- Para Location within Rajasthan Para Location within India
- Coordinates: 25°52′41.63″N 75°11′10.57″E﻿ / ﻿25.8782306°N 75.1862694°E
- Country: India
- State: Rajasthan
- District: Ajmer
- Named for: Pareshwar Nath Mahadev

Government
- • Type: Democratic
- • Sarpanch: Smt. Govind Kanwar Rathore

Area
- • Total: 23.6 km^{2} (9.11 sq mi)
- Elevation: 440 m (1,440 ft)

Population (2011)
- • Total: 3,752
- • Density: 159/km^{2} (412/sq mi)

Languages
- • Official: Marwari, Hindi
- Time zone: UTC+5:30 (IST)
- Pincode(s): 305 408
- Area code(s): +91-1467-XXX-XXXX
- ISO 3166 code: RJ-IN
- Vehicle registration: RJ-48 (Kekri)

= Para, Rajasthan =

Para is a village in Kekri district, in Rajasthan state of India. As of 2011 census of India, its population is 3,752.

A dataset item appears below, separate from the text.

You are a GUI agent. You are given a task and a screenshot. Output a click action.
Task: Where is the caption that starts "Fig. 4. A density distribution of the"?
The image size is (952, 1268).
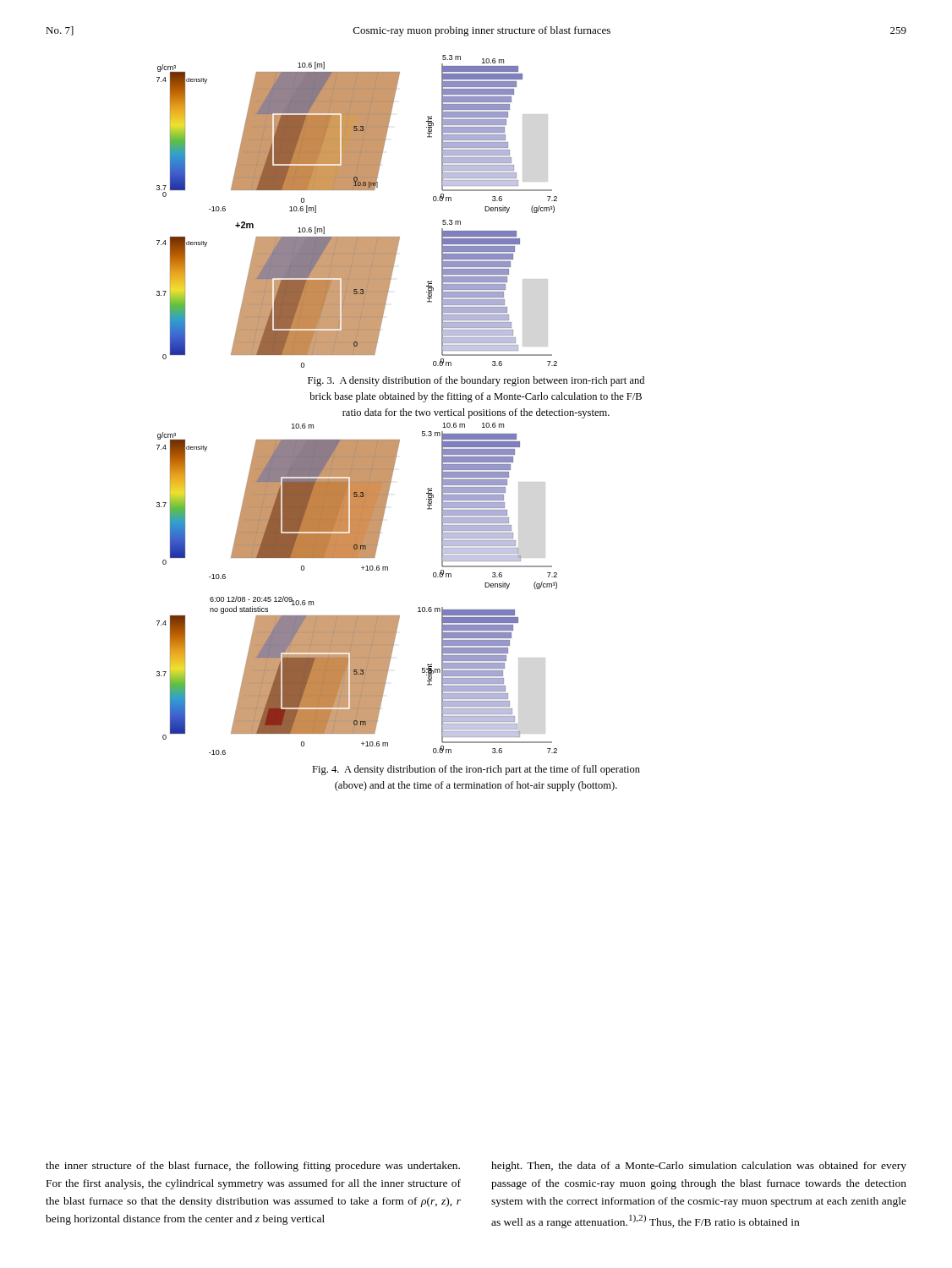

It is located at a distance of 408 km from the Indian capital New Delhi, 148 km from the Rajasthan capital Jaipur, 92 km from the district headquarter Ajmer and 12 km from the tehsil headquarters Kekri.

==Toponymy==
There is a legend associated with the origin of the name Para. It says that the name Para came from the name of Lord Shiva temple which is situated at the southern corner of the village which is called as Pareshwar Nath Temple. The name Pareshwar eroded gradually to become what is now as Para. one temple also Laxminath mandir this temple have also same feeling like pareshwar Madhav in village .The temple is very good

==Geography==

Para is about 12 km from tehsil headquarter Kekri, 92 km from district headquarter Ajmer, 148 km from state capital Jaipur, 119 km from Kota, 115 km from Bhilwara, and 405 km from the national capital New Delhi. It has an average elevation of 440 meters.

==Demographics==
As of 2011, Para had a population of 3752 According to census of 2011.The majority of population is Hindu which accounts for over 99%, with a few Muslim and Jains The overall literacy rate for the village is 44.45%. 59.14% males and 28.99% females were literate. The sex ratio was 950 females per 1,000 males.

==Transport==
Para is situated on the state highway RJ SH 26 which connects two major cities of Rajasthan Ajmer and Kota. Regular bus service from Rajasthan State Road Transport Corporation ltd is available from New Delhi, Bhopal, Ujjain, Indore, Ajmer, Kota, Bhilwara, Udaipur, Nagore, Bikaner, Jodhpur and other major cities.